Everything is Relational with multiple records for results.

Using Charlie Boo's system.

add( X, 0, 0 ).
add( s(X), 0, s(Y) ) <- add( X, 0, Y ).
...


This happens to be a function by it's effective definition.

RELATION ADD

m n a
________
0 0 0
s(0) 0 s(0)
s(s(0)) 0 s(s(0))
...



where the BAR ____ means (m,n) tuples are unique.

...


But Prolog doesn't have uniqueness constraints, entire rows can be
duplicated and it's the same relation, like duplicating elements of a
set.

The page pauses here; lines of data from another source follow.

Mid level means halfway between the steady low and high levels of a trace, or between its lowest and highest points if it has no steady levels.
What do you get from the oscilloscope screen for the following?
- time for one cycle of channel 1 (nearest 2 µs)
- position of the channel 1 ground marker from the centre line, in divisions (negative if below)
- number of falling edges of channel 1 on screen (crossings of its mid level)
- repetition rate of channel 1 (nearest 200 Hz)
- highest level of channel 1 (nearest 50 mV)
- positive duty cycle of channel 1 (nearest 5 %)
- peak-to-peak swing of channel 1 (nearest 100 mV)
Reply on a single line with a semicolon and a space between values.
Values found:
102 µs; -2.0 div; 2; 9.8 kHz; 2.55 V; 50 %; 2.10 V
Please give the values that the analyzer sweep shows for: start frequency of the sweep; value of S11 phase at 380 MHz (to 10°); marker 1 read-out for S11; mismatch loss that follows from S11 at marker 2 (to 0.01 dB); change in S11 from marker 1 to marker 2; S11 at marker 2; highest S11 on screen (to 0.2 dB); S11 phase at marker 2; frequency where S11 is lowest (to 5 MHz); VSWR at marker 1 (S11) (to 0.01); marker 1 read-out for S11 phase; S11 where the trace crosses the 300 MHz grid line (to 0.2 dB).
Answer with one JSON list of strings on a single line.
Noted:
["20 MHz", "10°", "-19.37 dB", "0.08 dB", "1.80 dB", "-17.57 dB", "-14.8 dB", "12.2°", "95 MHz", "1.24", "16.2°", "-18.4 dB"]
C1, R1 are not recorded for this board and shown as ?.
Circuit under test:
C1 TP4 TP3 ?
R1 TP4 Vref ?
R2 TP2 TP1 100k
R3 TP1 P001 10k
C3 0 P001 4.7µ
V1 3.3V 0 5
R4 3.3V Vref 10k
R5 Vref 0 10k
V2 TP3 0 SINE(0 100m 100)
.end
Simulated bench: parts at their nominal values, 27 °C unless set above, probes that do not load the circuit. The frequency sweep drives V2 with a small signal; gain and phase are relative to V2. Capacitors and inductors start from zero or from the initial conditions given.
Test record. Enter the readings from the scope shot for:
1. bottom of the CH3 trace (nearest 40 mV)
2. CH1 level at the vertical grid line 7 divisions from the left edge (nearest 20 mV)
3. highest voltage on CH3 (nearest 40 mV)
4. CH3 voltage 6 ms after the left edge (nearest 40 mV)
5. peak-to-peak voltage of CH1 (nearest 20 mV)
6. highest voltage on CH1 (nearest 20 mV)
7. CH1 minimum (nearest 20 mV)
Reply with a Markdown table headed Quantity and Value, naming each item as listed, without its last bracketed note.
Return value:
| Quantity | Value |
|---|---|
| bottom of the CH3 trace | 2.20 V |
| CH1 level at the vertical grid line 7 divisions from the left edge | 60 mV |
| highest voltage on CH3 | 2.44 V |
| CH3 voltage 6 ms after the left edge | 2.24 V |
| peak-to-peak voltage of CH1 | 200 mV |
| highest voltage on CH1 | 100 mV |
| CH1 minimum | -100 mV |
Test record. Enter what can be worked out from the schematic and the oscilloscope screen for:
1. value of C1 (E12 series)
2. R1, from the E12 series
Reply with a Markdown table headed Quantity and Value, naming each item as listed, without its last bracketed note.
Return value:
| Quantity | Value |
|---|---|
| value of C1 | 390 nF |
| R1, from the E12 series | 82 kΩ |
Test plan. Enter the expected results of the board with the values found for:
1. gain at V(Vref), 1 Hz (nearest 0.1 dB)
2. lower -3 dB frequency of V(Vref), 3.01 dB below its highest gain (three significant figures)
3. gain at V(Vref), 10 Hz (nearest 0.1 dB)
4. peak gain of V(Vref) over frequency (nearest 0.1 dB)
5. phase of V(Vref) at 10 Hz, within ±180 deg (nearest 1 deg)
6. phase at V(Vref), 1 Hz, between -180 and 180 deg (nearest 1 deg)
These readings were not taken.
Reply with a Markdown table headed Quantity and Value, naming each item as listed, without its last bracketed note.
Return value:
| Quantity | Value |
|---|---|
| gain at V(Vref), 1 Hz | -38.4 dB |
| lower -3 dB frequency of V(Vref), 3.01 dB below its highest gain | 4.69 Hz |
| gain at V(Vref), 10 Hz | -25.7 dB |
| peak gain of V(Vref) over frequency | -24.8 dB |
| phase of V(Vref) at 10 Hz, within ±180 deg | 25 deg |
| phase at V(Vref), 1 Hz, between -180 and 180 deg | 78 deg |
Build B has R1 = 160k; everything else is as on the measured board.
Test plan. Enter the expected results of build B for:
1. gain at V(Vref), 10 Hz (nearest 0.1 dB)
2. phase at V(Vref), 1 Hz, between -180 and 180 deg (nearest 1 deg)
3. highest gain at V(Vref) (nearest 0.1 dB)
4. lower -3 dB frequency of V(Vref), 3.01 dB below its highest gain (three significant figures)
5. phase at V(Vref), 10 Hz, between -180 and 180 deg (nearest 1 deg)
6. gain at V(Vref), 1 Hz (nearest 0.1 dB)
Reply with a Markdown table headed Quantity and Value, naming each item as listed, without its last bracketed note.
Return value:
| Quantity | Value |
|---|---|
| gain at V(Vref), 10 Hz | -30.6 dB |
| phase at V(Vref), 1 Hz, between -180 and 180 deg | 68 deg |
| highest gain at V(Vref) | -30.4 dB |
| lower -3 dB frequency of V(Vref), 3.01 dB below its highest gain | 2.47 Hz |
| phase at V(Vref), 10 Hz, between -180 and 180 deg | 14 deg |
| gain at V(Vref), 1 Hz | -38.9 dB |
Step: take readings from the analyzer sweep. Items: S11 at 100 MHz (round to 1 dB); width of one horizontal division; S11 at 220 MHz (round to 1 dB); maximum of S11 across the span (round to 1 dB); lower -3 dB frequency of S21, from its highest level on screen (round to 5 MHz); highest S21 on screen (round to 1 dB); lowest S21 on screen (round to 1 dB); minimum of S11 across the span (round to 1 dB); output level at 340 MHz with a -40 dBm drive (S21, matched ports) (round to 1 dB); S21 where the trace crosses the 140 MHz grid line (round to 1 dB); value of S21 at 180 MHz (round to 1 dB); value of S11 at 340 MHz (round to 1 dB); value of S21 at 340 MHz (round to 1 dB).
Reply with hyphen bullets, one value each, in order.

The POST-PARSER may format the results by removing duplicates of
the final relation.

There is nothing stopping you adding a fact

ADD(1,2,4).

Now (1,2) has 2 entries and is no longer a function.

--------------------------

1st you have to recognise which ALL(x) are merely ANY(x)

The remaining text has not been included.